In this paper we generalize the notion of $n$-equivalence relation introduced by Chen et al. in \cite{Chen2014} to classify constacyclic codes of length $n$ over a finite field $\mathbb{F}_q$, where $q=p^r$ is a prime power, to the case of skew constacyclic codes without derivation. We call this relation $(n,\sigma)$-equivalence relation, where $n$ is the length of the code and $ \sigma$ is an automorphism of the finite field. We compute the number of $(n,\sigma)$-equivalence classes, and we give conditions on $ \lambda$ and $\mu$ for which $(\sigma, \lambda)$-constacyclic codes and $(\sigma, \lambda)$-constacyclic codes are equivalent with respect to our $(n,\sigma)$-equivalence relation. Under some conditions on $n$ and $q$ we prove that skew constacyclic codes are equivalent to cyclic codes. We also prove that when $q$ is even and $\sigma$ is the Frobenius autmorphism, skew constacyclic codes of length $n$ are equivalent to cyclic codes when $\gcd(n,r)=1$. Finally we give some examples as applications of the theory developed here.

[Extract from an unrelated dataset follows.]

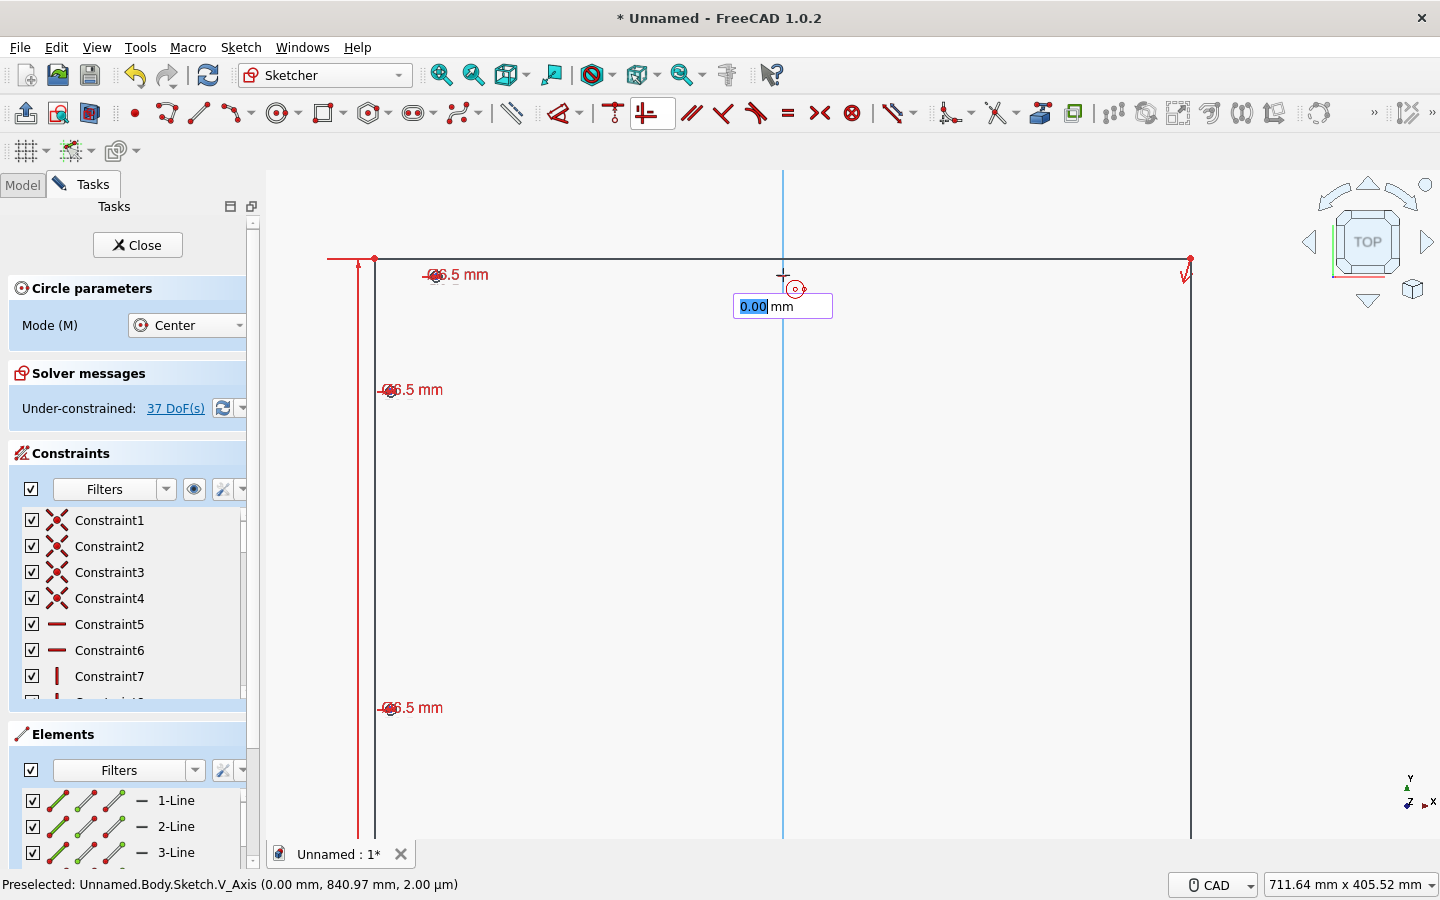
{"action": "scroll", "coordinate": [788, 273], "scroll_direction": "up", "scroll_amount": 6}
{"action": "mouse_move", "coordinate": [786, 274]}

翻译：本文推广了Chen等人在文献\cite{Chen2014}中提出的$n$-等价关系概念，该概念原本用于分类有限域$\mathbb{F}_q$（其中$q=p^r$为素数幂）上长度为$n$的常循环码，我们将其推广至无导数的偏斜常循环码情形。我们将此关系称为$(n,\sigma)$-等价关系，其中$n$为码长，$\sigma$为有限域的自同构。我们计算了$(n,\sigma)$-等价类的数目，并给出了$\lambda$和$\mu$的条件，使得$(\sigma,\lambda)$-常循环码与$(\sigma,\mu)$-常循环码关于$(n,\sigma)$-等价关系等价。在$n$和$q$满足一定条件时，我们证明了偏斜常循环码等价于循环码。此外，当$q$为偶数且$\sigma$为Frobenius自同构时，我们证明当$\gcd(n,r)=1$时，长度为$n$的偏斜常循环码等价于循环码。最后，我们给出一些算例以展示本文所发展理论的应用。